This complementarity between human rights and national security interests is acknowledged, at least at the rhetorical level, in the national security policy of the George W. Bush administration. President Bush’s speech in 2003 to the National Endowment for Democracy contends that America’s national security interests in the Arab world depend upon the promotion of women’s rights, political participation, and market reforms.[47] It is by no means certain that this rhetoric will be transformed into practice, or even whether it can be. What is certain is that turning a blind eye to the human rights abuses rampant in the Arab regimes has eroded U.S. influence by rendering the United States complicit with regimes that have lost the confidence of their people.

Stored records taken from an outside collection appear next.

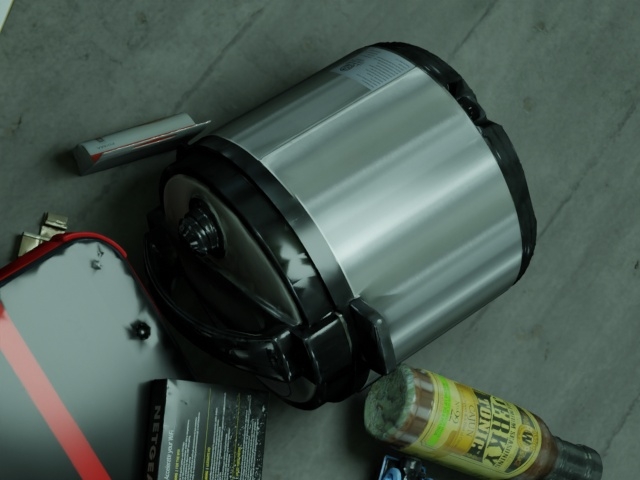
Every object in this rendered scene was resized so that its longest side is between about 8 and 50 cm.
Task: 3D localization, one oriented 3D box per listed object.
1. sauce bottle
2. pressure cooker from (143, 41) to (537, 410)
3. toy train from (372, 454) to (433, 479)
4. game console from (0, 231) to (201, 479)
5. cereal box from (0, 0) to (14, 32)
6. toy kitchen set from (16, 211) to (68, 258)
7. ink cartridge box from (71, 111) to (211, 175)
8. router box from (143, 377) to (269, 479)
[{"bbox_3d":[0.221,0.256,1.920,0.344,0.111,0.111,21,75,-29],"label":"sauce bottle"},{"bbox_3d":[-0.002,-0.005,1.789,0.420,0.370,0.375,-32,87,-22],"label":"pressure cooker"},{"bbox_3d":[0.086,0.365,1.890,0.080,0.105,0.184,20,76,-22],"label":"toy train"},{"bbox_3d":[-0.288,0.214,1.671,0.342,0.060,0.386,-35,99,-29],"label":"game console"},{"bbox_3d":[-0.506,-0.338,1.862,0.240,0.047,0.173,21,76,-12],"label":"cereal box"},{"bbox_3d":[-0.327,-0.005,1.845,0.083,0.075,0.068,15,76,-18],"label":"toy kitchen set"},{"bbox_3d":[-0.227,-0.130,1.840,0.145,0.179,0.045,-18,87,-18],"label":"ink cartridge box"},{"bbox_3d":[-0.133,0.253,1.693,0.133,0.046,0.178,11,77,-28],"label":"router box"}]
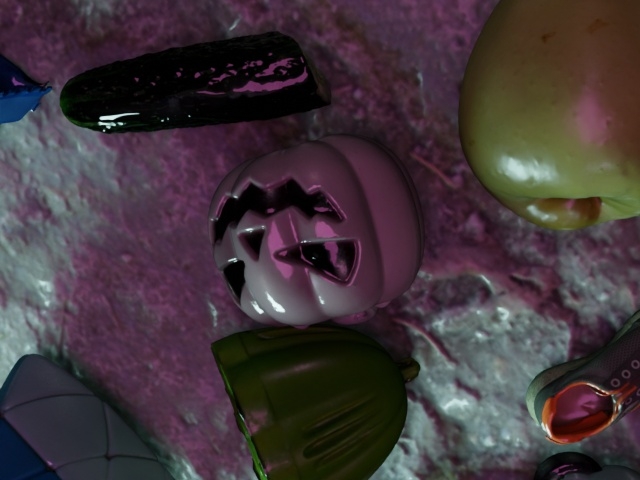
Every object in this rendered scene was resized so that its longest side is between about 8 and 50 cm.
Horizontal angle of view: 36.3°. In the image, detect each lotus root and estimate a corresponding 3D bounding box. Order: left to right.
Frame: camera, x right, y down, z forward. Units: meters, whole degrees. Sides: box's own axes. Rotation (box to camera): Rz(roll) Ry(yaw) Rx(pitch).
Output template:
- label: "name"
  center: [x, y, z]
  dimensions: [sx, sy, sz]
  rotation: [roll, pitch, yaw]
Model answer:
- label: "lotus root"
  center: [0.011, 0.141, 0.851]
  dimensions: [0.186, 0.186, 0.186]
  rotation: [2, 103, 9]

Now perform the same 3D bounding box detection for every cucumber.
- label: "cucumber"
  center: [-0.114, -0.131, 0.841]
  dimensions: [0.241, 0.074, 0.074]
  rotation: [-6, 102, 11]

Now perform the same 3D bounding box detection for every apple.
- label: "apple"
  center: [0.197, -0.103, 0.741]
  dimensions: [0.200, 0.200, 0.200]
  rotation: [2, 103, 9]

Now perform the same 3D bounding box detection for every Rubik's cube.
- label: "Rubik's cube"
  center: [-0.239, 0.281, 0.927]
  dimensions: [0.254, 0.254, 0.254]
  rotation: [2, 103, 9]

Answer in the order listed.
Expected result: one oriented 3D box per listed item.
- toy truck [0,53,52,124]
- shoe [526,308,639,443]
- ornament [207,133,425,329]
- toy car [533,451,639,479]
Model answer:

Finally, any evaluation of American exceptionalism fundamentally expresses a certain preference for a certain type of America. Those who wish America were less exceptional are actually expressing the desire for it to be a certain kind of good international citizen, one bound, despite its exceptional power, by multilateral definitions of appropriate state responsibility toward its citizens and rules relating to the use of force against other states. The virtue of this multilateral identity is that it would make America more attractive to itself, a benevolent superpower voluntarily restricting its sovereignty for the sake of the greater global good. The question to ask of this benevolent liberal internationalism is whether it has any sustained electoral appeal among the American public. Under Franklin Roosevelt’s leadership, this image was briefly anchored in a constituency of political support. But the fate of this image of American identity has been tied to the fortunes of American liberalism, and these fortunes have not fared well in the past thirty years. For now a liberal multilateralism is more liberal than most Americans would be comfortable to be: against the death penalty, in favor of allowing American citizens to be tried in international courts, and in favor of surrendering some freedom of maneuver to the United Nations. The country that is often called the last fully sovereign nation on earth has yet to be convinced that it stands to gain from this identity.

Conclusion

As a language of moral claims, human rights has gone global by going local, by establishing its universal appeal in local languages of dignity and freedom. As international human rights has developed and come of age, not much attention has been paid to this process of vernacularization. We must ask whether any of us would care much about rights if they were articulated only in universalist documents like the Universal Declaration, and whether, in fact, our attachment to these universals depends critically on our prior attachment to rights that are national, rooted in the traditions of a flag, a constitution, a set of founders, and a set of national narratives, religious and secular, that give point and meaning to rights. We need to think through the relation between national rights traditions and international standards, to see that these are not in the antithetical relation we suppose. American attachment to its own values is the condition and possibility of its attachment to the universal, and it is only as the universal receives a national expression that it catches the heart and the conviction of citizens.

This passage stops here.